**Aim of the exercise**
Reproduce exactly the lines from the one containing "translation: [x, y, z]" through the end of the listing, minus the pictures.

§

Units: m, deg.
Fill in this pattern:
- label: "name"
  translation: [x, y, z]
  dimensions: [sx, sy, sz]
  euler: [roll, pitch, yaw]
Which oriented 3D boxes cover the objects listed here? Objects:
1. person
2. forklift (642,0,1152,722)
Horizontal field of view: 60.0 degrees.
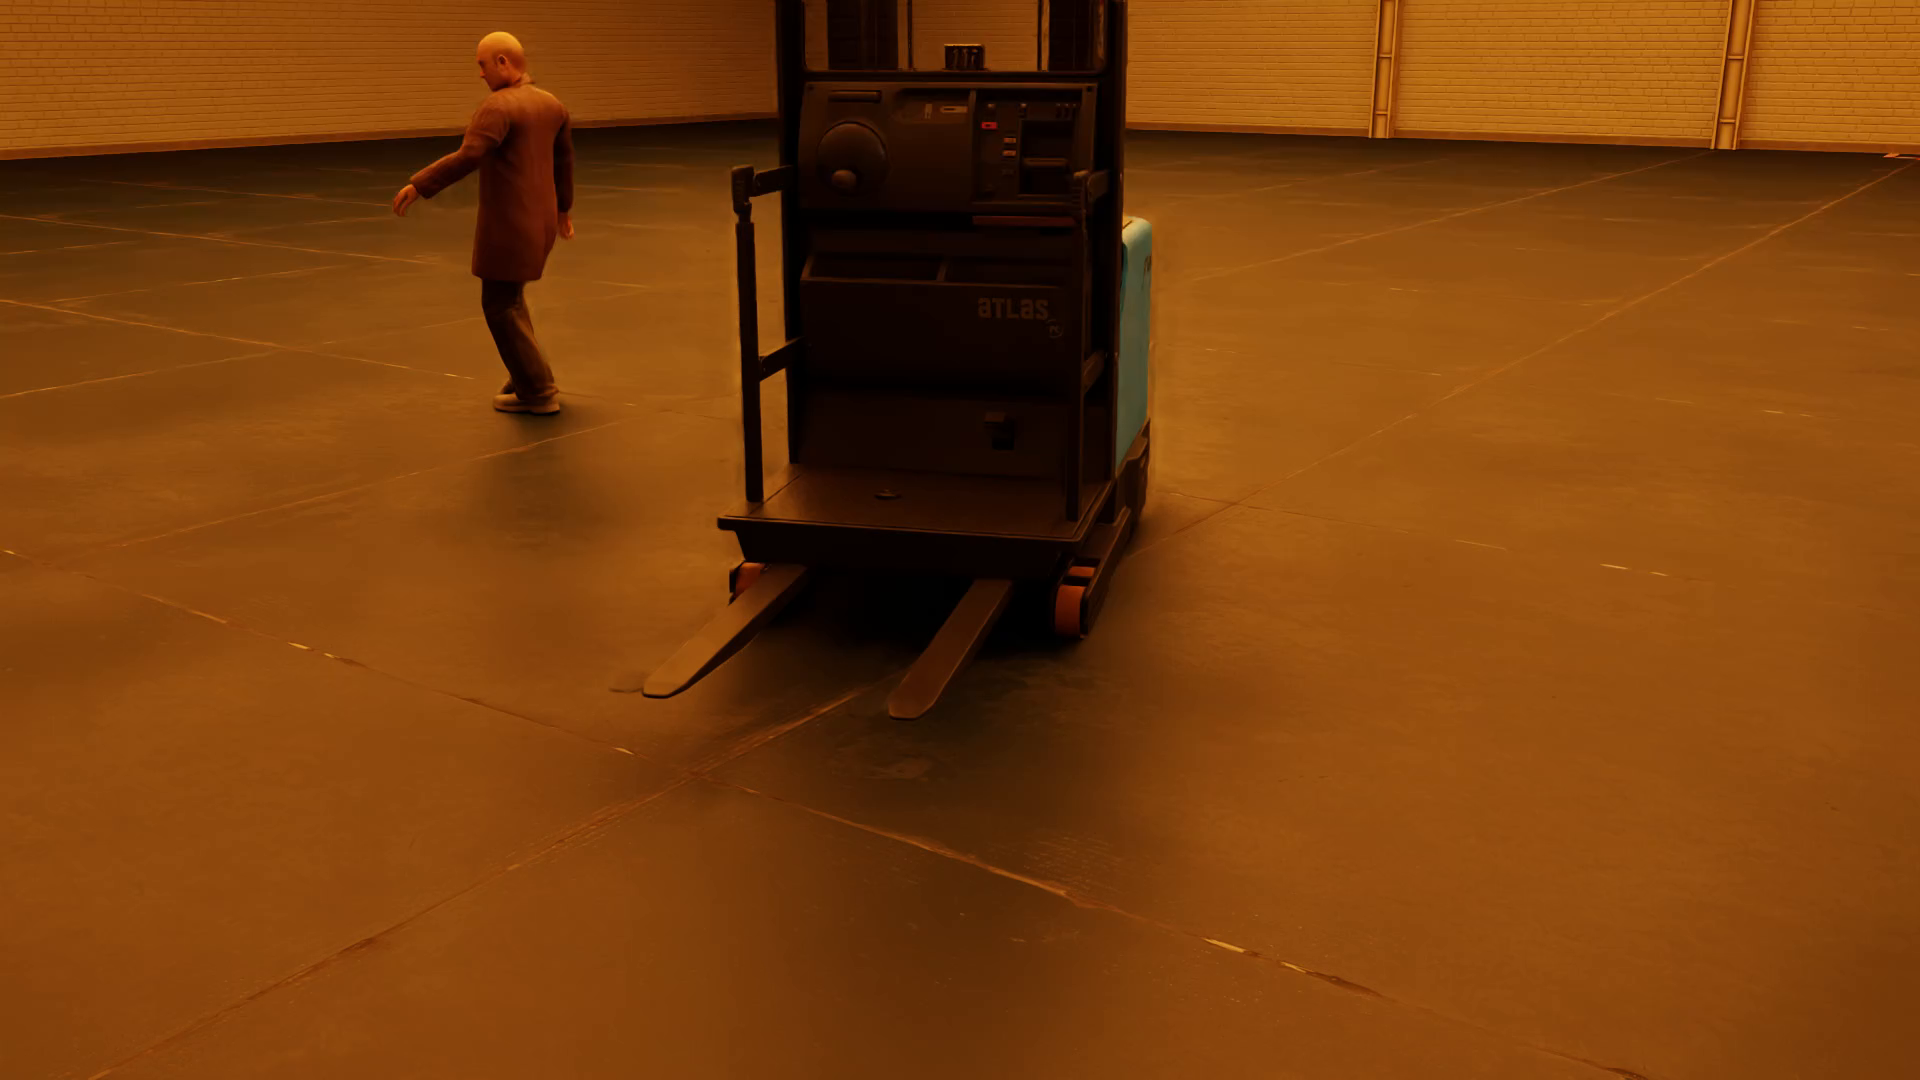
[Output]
- label: "person"
  translation: [-2.155, -1.461, 7.873]
  dimensions: [0.557, 1.808, 0.994]
  euler: [7, 18, 22]
- label: "forklift"
  translation: [-0.090, -1.225, 4.929]
  dimensions: [1.130, 2.935, 3.031]
  euler: [4, 17, 12]

§

**Reply to the exercise**
  translation: [x, y, z]
  dimensions: [sx, sy, sz]
  euler: [roll, pitch, yaw]
Which oriented 3D boxes cover the objects listed here? Objects:
1. person
2. forklift (642,0,1152,722)
Horizontal field of view: 60.0 degrees.
[Output]
- label: "person"
  translation: [-2.155, -1.461, 7.873]
  dimensions: [0.557, 1.808, 0.994]
  euler: [7, 18, 22]
- label: "forklift"
  translation: [-0.090, -1.225, 4.929]
  dimensions: [1.130, 2.935, 3.031]
  euler: [4, 17, 12]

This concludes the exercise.